Su brazo estaba rojo hasta el codo y brillaba a la luz que salía del río. Cuando su cabalgadura retrocedió de nuevo, sacudió su hacha, levantándola hacia las estrellas.

—¡Mediohombre! —gritaron sus hombres—. ¡Mediohombre!

Tyrion se sintió embriagado. La fiebre del combate. Nunca había creído que la sentiría, aunque Jaime le había hablado de ella con frecuencia. De cómo el tiempo parecía difuminarse, ralentizarse e, incluso, detenerse; de cómo el pasado y el futuro desaparecían hasta que no quedaba otra cosa que no fuera el instante presente; de cómo el miedo se desvanecía, junto con el pensamiento y hasta el propio cuerpo. «En ese momento no se sienten las heridas, el dolor de espalda a causa del peso de la armadura ni el sudor que cae en los ojos.

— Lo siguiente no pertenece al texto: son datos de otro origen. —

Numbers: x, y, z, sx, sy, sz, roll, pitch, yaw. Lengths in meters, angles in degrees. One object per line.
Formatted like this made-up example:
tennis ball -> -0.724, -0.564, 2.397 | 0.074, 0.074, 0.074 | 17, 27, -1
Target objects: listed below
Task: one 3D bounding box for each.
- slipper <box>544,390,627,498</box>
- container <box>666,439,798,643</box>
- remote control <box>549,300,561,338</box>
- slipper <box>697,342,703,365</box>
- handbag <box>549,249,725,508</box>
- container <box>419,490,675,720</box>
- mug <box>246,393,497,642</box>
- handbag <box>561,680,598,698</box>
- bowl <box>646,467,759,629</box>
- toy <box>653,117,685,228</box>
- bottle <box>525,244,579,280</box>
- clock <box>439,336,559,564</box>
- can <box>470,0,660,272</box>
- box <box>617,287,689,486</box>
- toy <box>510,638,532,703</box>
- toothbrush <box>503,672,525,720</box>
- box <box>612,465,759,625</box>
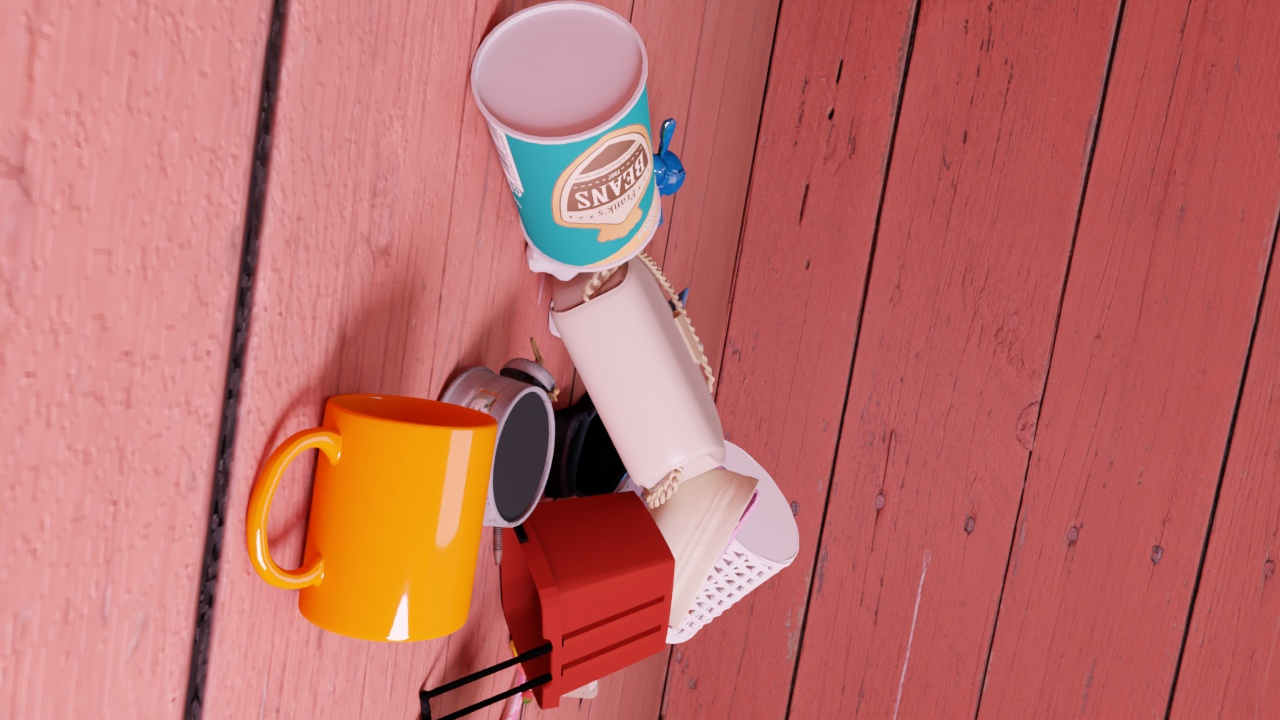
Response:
slipper -> -0.033, 0.090, 0.933 | 0.265, 0.083, 0.109 | -10, 108, -85
container -> 0.066, 0.220, 1.136 | 0.187, 0.189, 0.188 | -44, -171, 27
remote control -> -0.062, -0.033, 0.835 | 0.131, 0.012, 0.033 | 30, 63, -81
slipper -> 0.037, 0.094, 1.007 | 0.104, 0.074, 0.245 | 85, 21, -75
handbag -> -0.004, 0.004, 0.778 | 0.210, 0.103, 0.208 | 64, 9, -7
container -> -0.083, 0.190, 0.709 | 0.127, 0.200, 0.148 | -126, -148, -47
mug -> -0.122, 0.069, 0.412 | 0.112, 0.078, 0.096 | 4, 97, -53
handbag -> -0.070, 0.246, 1.028 | 0.176, 0.062, 0.197 | 91, 4, -47
bowl -> 0.038, 0.154, 0.819 | 0.150, 0.075, 0.151 | -58, 171, -15
toy -> 0.010, -0.191, 0.957 | 0.176, 0.071, 0.113 | -28, 116, -79
bottle -> -0.051, -0.130, 0.695 | 0.044, 0.044, 0.136 | 73, 29, -71
clock -> -0.092, 0.046, 0.597 | 0.104, 0.056, 0.147 | 72, 33, -54
can -> -0.041, -0.134, 0.577 | 0.144, 0.099, 0.099 | 80, 22, -66
box -> -0.002, 0.034, 1.106 | 0.175, 0.060, 0.231 | 101, 7, -72
toy -> -0.097, 0.250, 0.829 | 0.084, 0.046, 0.103 | -91, 179, -69
toothbrush -> -0.118, 0.320, 0.873 | 0.022, 0.016, 0.134 | 88, 15, -54
box -> 0.020, 0.164, 0.900 | 0.201, 0.111, 0.101 | -48, 150, -21

Se deja de sentir y de pensar, ya no se es uno mismo. Sólo existe la batalla, el enemigo, este hombre y el siguiente y el siguiente y el siguiente… y se sabe que tienen miedo, que sienten cansancio, pero uno no lo siente, sino que está vivo mientras la muerte lo rodea. Y sus espadas se mueven con tanta lentitud que se puede pasar entre ellas bailando y riendo.»

«Fiebre del combate. Soy Mediohombre y estoy ebrio de matar, ¡que me maten ellos si pueden!»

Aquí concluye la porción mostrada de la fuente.